Он затрясся от смеха, хлопая рукой по колену, а я отвернулся в сторону от омерзения и вопрошающе поднял брови, взглянув на бармена.
– Несчастный случай, – пробормотал тот. – Мистер Гордон был такой приятный джентльмен. Интересовался археологией. Было очень тепло в ту ночь, когда он исчез; он, должно быть, после ужина ушел купаться. Конечно, вызвали полицию. Мы здесь, в гостинице, расстроились больше всего. Понимаете, сэр, мы об этом особенно не рассказываем. Может повредить делу. Но смею вас заверить, что купаться совершенно безопасно. Это первый случай за все время.
– Ну и ну, – сказал я.
И все же… Не очень-то приятно, что бедняга был последним, кто жил тут до меня. Однако он ведь умер не в кровати. И я не суеверен. Теперь я понял, почему с такой неохотой сдавали домик, понял, почему испугалась маленькая горничная.
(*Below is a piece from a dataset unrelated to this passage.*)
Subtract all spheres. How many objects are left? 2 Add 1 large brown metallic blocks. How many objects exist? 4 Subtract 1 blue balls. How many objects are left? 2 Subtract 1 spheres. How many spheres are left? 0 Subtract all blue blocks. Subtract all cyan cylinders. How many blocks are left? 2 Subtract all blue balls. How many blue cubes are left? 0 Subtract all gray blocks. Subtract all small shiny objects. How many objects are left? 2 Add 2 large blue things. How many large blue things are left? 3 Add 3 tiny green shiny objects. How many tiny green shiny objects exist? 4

– И вот что я вам скажу, – продолжал греметь отвратительный голос, – не ходите купаться после полуночи, а то осьминоги съедят и вас. – За этим предостережением последовал новый взрыв хохота. Затем он сказал: – Идем, Мод. Пора отправляться спать. – И он с шумом отпихнул в сторону стол.
Я с облегчением вздохнул, когда мы остались одни.
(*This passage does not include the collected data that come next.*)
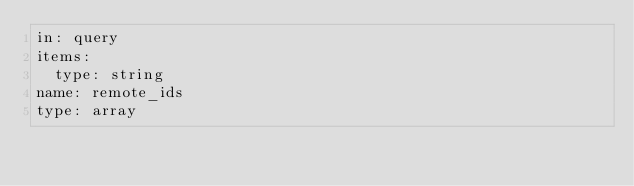<code> <loc_0><loc_0><loc_500><loc_500><_YAML_>in: query
items:
  type: string
name: remote_ids
type: array
</code>

– Что за ужасный человек, – сказал я. – Неужели администрация не в состоянии от него избавиться?
Бармен пожал плечами:
– Бизнес есть бизнес. Что тут можно сделать? У Столлов полно денег. Они здесь вот уже второй сезон, приехали, когда мы только что открылись, в марте. Кажется, они без ума от этого места. Только теперь вот мистер Столл так сильно пьет, раньше он пьяницей не был. Он погубит себя, если будет продолжать подобным образом. И так все время, из вечера в вечер. Днем-то еще ничего. В море на рыбалке с раннего утра до захода солнца.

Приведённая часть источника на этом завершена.